Segment Start: EXTRACTED INFORMATION

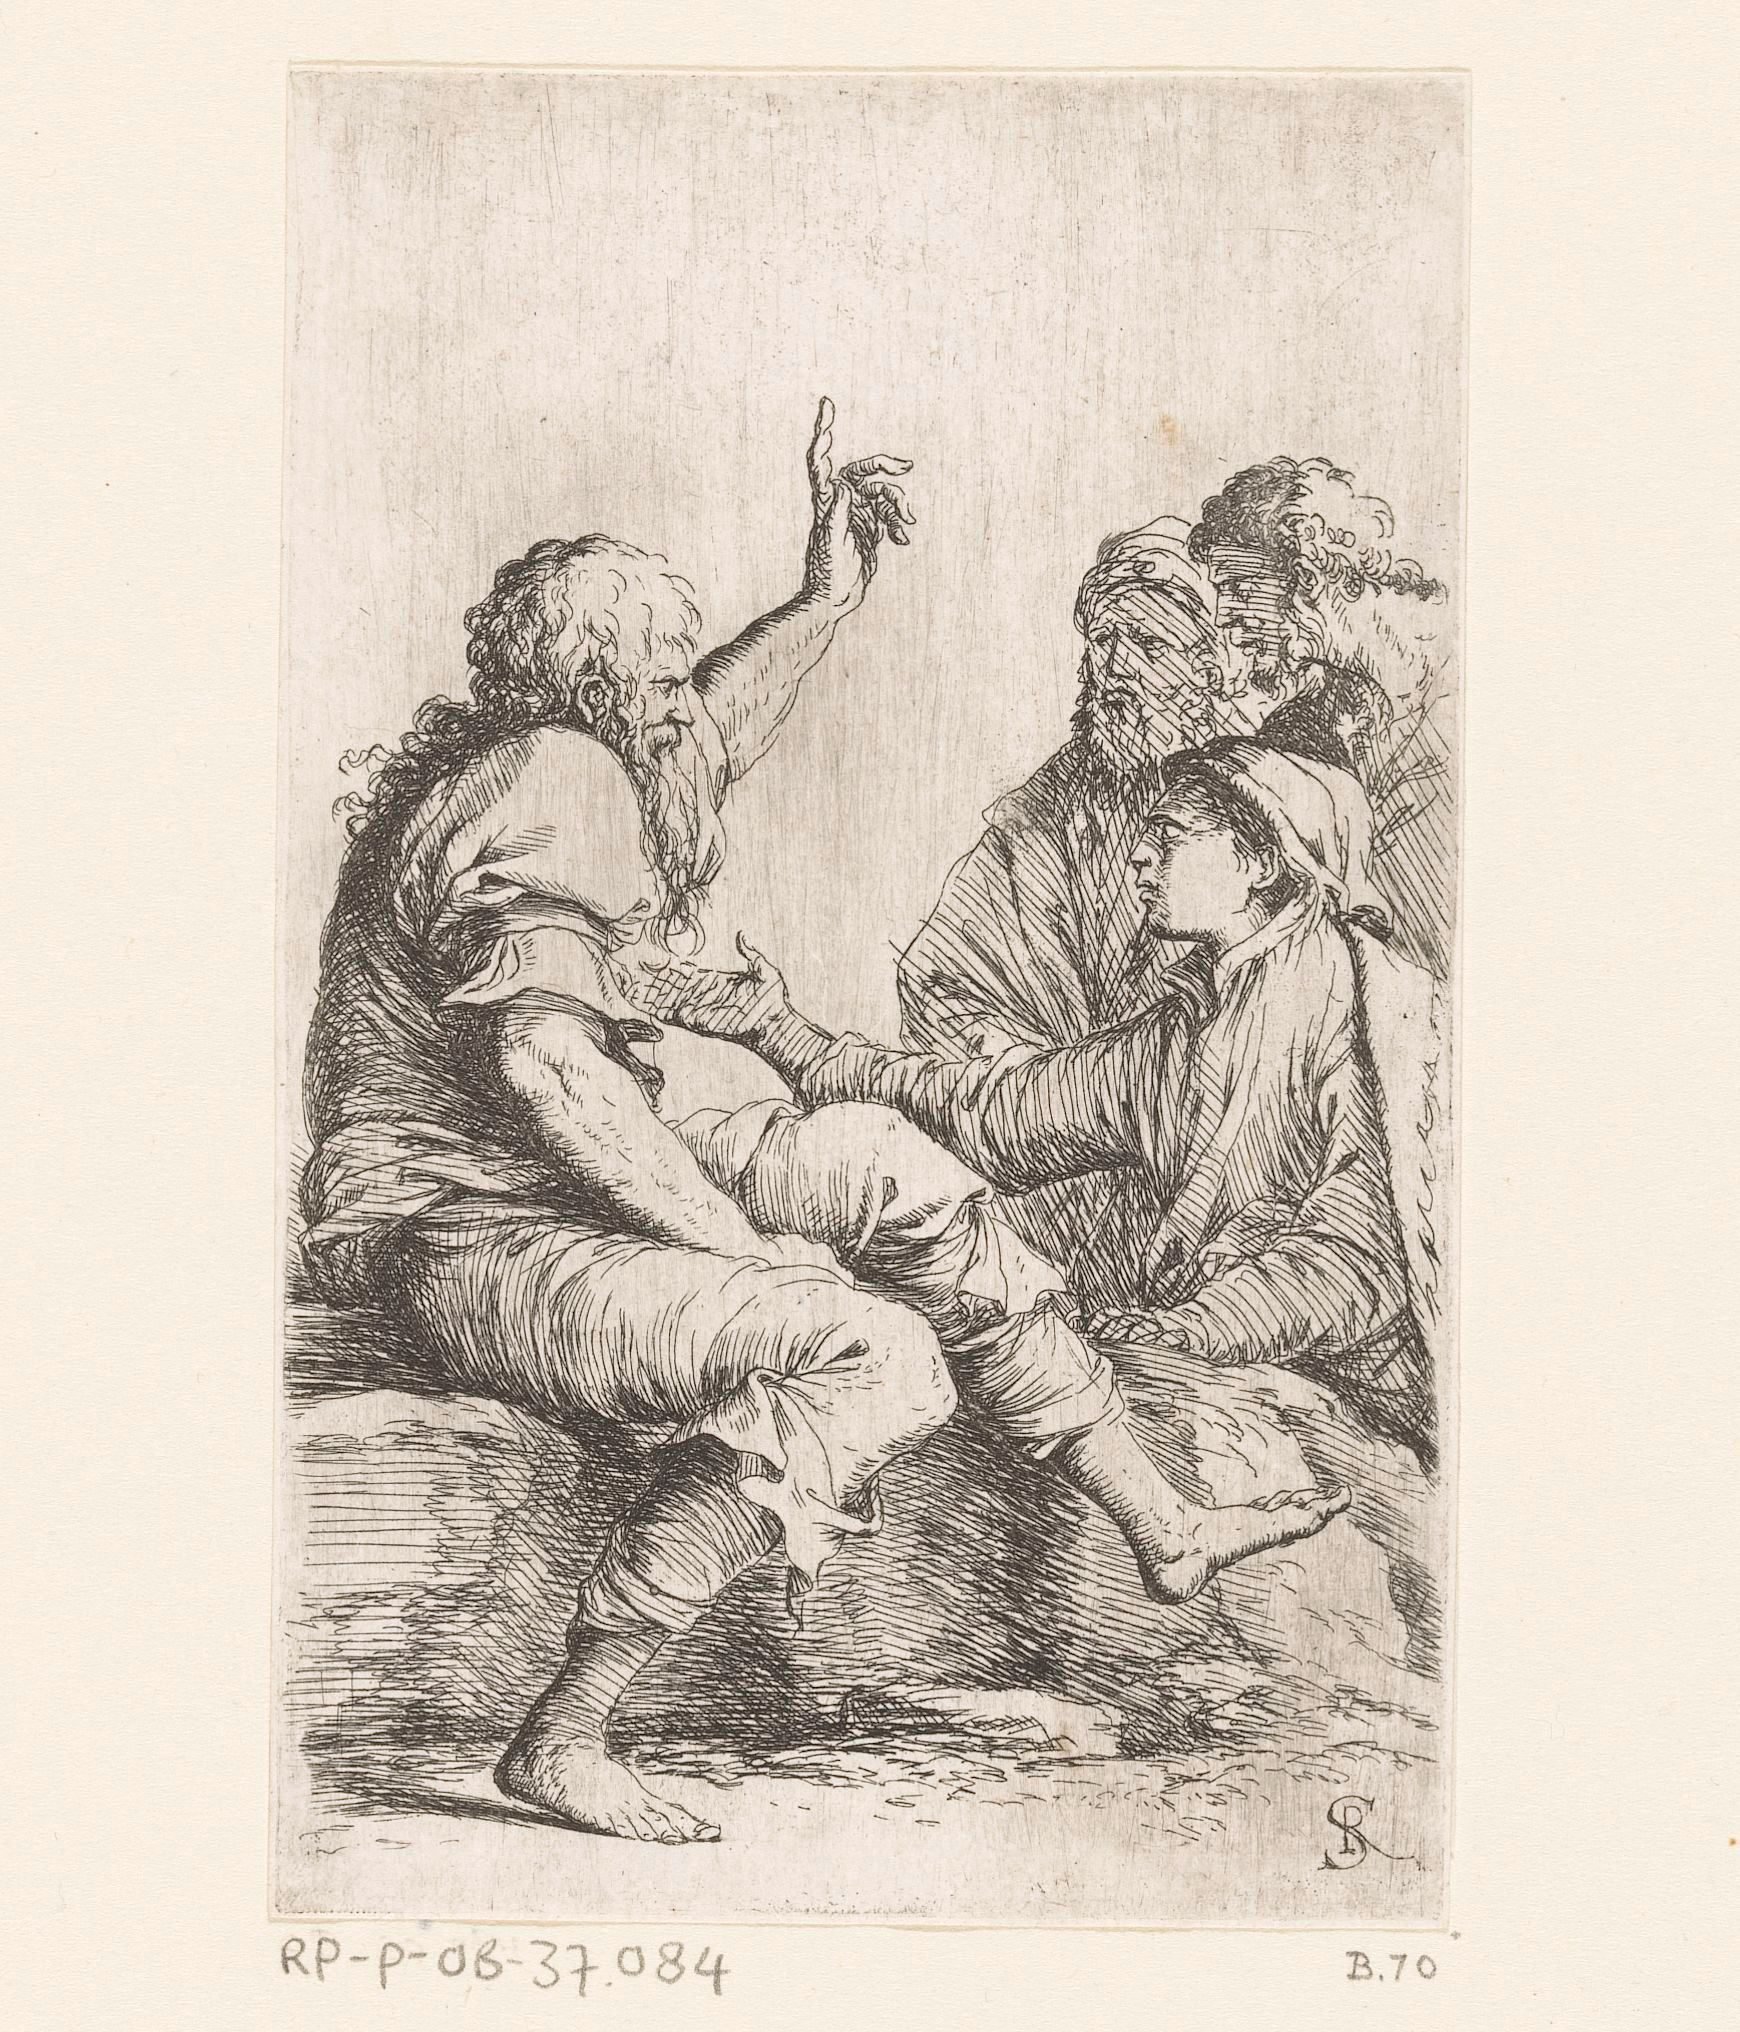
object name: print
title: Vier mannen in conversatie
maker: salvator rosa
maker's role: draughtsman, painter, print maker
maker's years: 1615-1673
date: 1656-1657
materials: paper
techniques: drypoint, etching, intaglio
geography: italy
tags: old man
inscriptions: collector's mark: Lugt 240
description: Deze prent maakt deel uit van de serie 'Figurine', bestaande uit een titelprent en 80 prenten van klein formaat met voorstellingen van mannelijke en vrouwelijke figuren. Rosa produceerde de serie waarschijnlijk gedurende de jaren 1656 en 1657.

Segment End: EXTRACTED INFORMATION
Segment Start: EXTRACTED INFORMATION

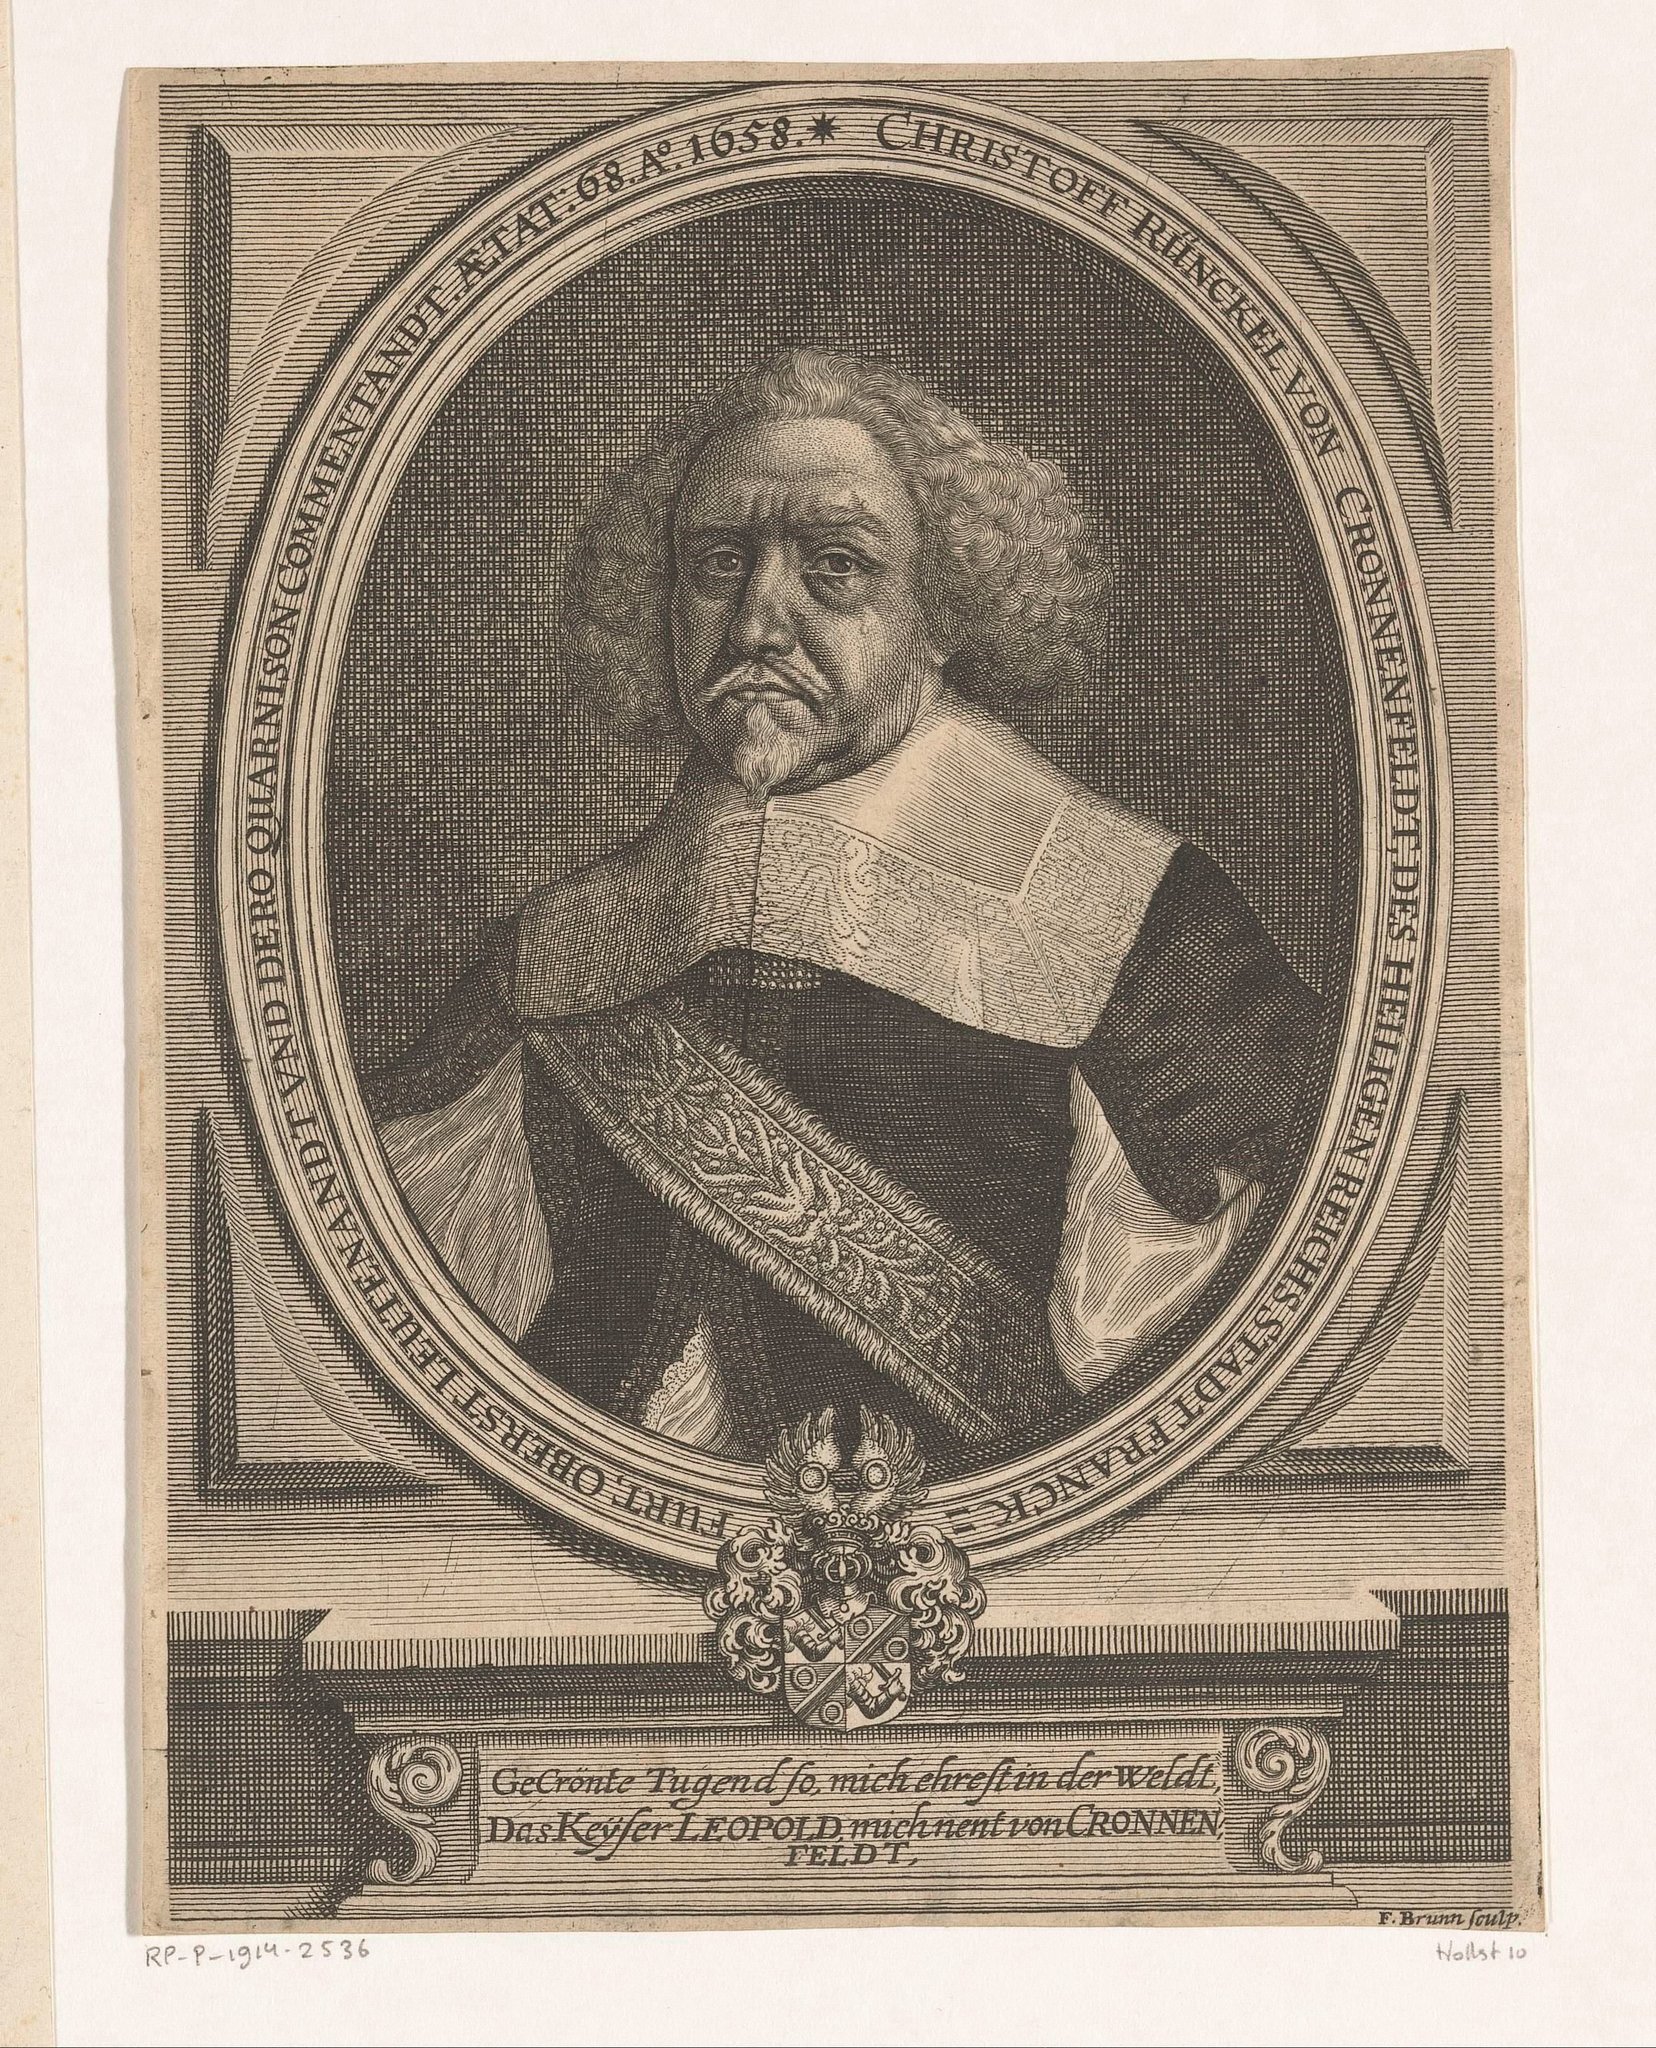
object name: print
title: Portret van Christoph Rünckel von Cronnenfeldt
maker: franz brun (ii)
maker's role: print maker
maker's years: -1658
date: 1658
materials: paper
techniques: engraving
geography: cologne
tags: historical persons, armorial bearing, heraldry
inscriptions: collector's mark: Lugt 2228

Segment End: EXTRACTED INFORMATION
Segment Start: EXTRACTED INFORMATION

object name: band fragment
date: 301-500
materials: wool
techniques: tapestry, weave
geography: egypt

Segment End: EXTRACTED INFORMATION

- **TO DO**: In the listing above, find the line containing "techniques: drypoint, etching, intaglio" and the line containing "description: Deze prent", then retype both and every line between them exactly, with nothing else.

- **PROBLEM SOLUTION**:
techniques: drypoint, etching, intaglio
geography: italy
tags: old man
inscriptions: collector's mark: Lugt 240
description: Deze prent maakt deel uit van de serie 'Figurine', bestaande uit een titelprent en 80 prenten van klein formaat met voorstellingen van mannelijke en vrouwelijke figuren. Rosa produceerde de serie waarschijnlijk gedurende de jaren 1656 en 1657.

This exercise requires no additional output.